Una de las obsesiones de los reporteros gráficos que cubren las guerras es encontrar una respuesta balsámica a la pregunta: ¿Se alimenta mi éxito del dolor de los demás? Así lo atestigua James Natchway en el documental de Christian Frei War Photographer, homenaje a sus veinte años de reportero, donde Natchway insiste en el valor testimonial de su oficio: “Esas imágenes no podrían haber sido tomadas si esas personas no esperasen que yo las fotografiase. Es imposible sin la complicidad de la gente, sin el hecho de que me den la bienvenida, de que me estén esperando. Ellos comprenden que un extranjero con una cámara es la oportunidad de enseñar al resto del mundo lo que les está pasando”. Insiste, por ello, en que sus fotos no sean vistas como obras de arte sino como una forma de comunicación.
Será precisamente el efecto que generan las imágenes del dolor causado por la guerra en los espectadores “que nunca hemos estado allí” el motivo de reflexión de Susan Sontag en su último ensayo, Ante el dolor de los demás. Sontag toma como punto de partida el libro de Virginia Woolf Tres guineas, publicado en 1938 como respuesta a la barbarie de la guerra que se avecinaba. Woolf propone un original enfoque basado en algo que se tenía por demasiado evidente pero inoportuno: la guerra es un juego de hombres, “pues para ellos hay en la lucha alguna gloria, una necesidad, una satisfacción que las mujeres (la mayoría) no sienten ni disfrutan”. No obstante, ante las fotos llenas de atrocidades que le envía el asediado gobierno español, Woolf profesa la creencia de que la conmoción creada por semejantes imágenes no puede sino unir a la gente de buena voluntad en su intento de evitar la guerra, independientemente de su sexo.
Casi setenta años después, Sontag no cree ni en la pureza de la imagen como testimonio de la barbarie ni en la posibilidad actual de abolir las guerras, pero sí en la legítima aspiración de impedir, al menos, el genocidio y las guerras específicas imponiendo alternativas negociadas.
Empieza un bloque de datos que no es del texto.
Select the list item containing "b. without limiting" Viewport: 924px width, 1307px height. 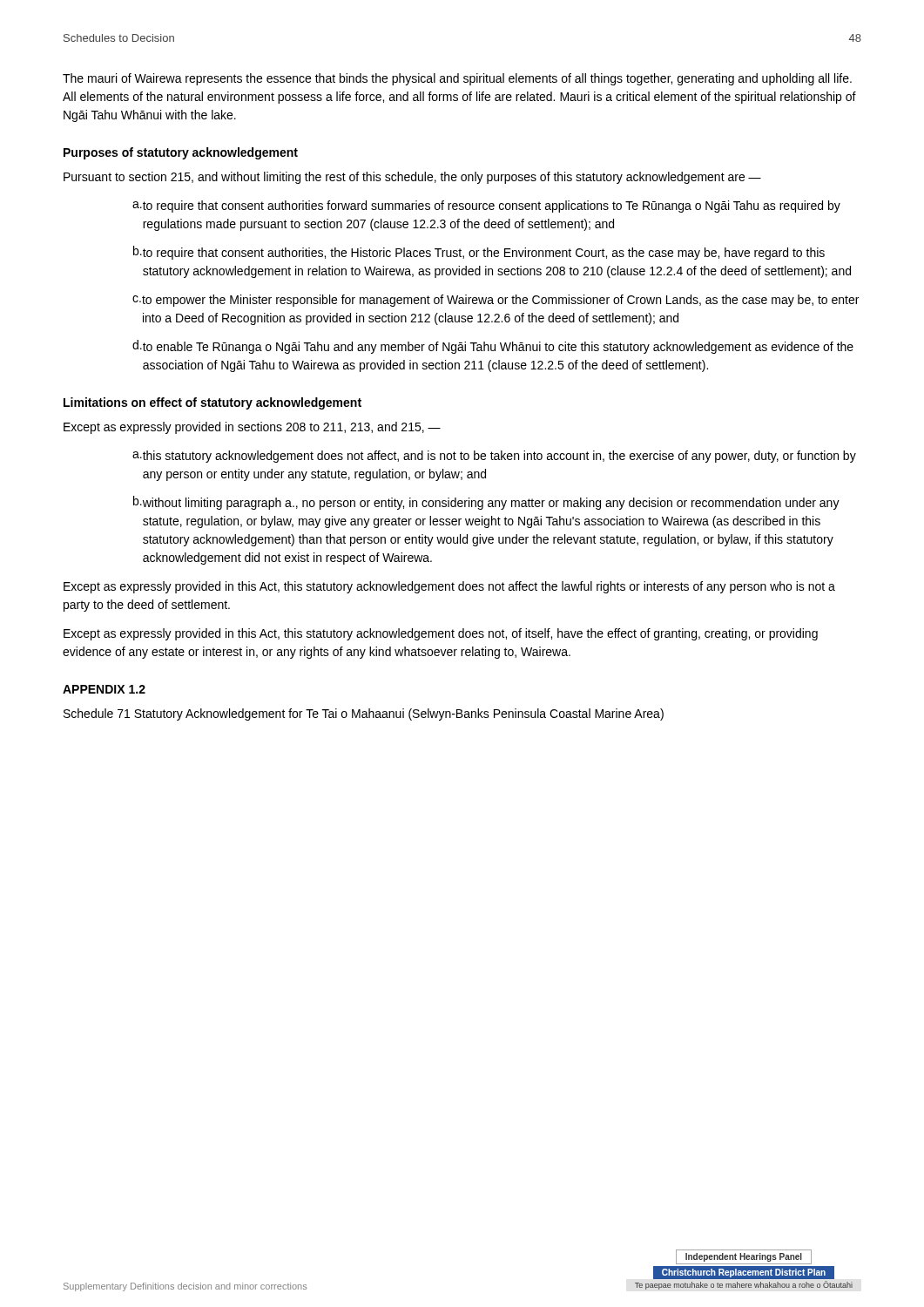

Para ello son necesarios unos códigos éticos que reafirmen nuestra sensibilidad moral, la del “nosotros” (los que nunca hemos estado allí). Analiza entonces nuestra capacidad de respuesta ante las imágenes que nos llegan del sufrimiento lejano, y uno de los condicionantes previos que revisa en profundidad es la manipulación de esas imágenes: “Para los que están seguros de que lo correcto está a un lado, la opresión y la injusticia de otro, y de que la guerra debe seguir, lo que importa precisamente es quién muere y en manos de quién”. Para los militantes la identidad lo es todo. Sontag cuenta cómo, al comienzo de la guerra balcánica, las mismas fotografías de niños muertos durante el bombardeo de un poblado pasaron de mano en mano tanto en las reuniones propagandísticas serbias como en las croatas. Alterando el pie de foto, la muerte de los niños podía usarse una y otra vez. “Las fotografías de una atrocidad pueden producir reacciones opuestas. Una llamada a la paz. Un grito de esperanza”.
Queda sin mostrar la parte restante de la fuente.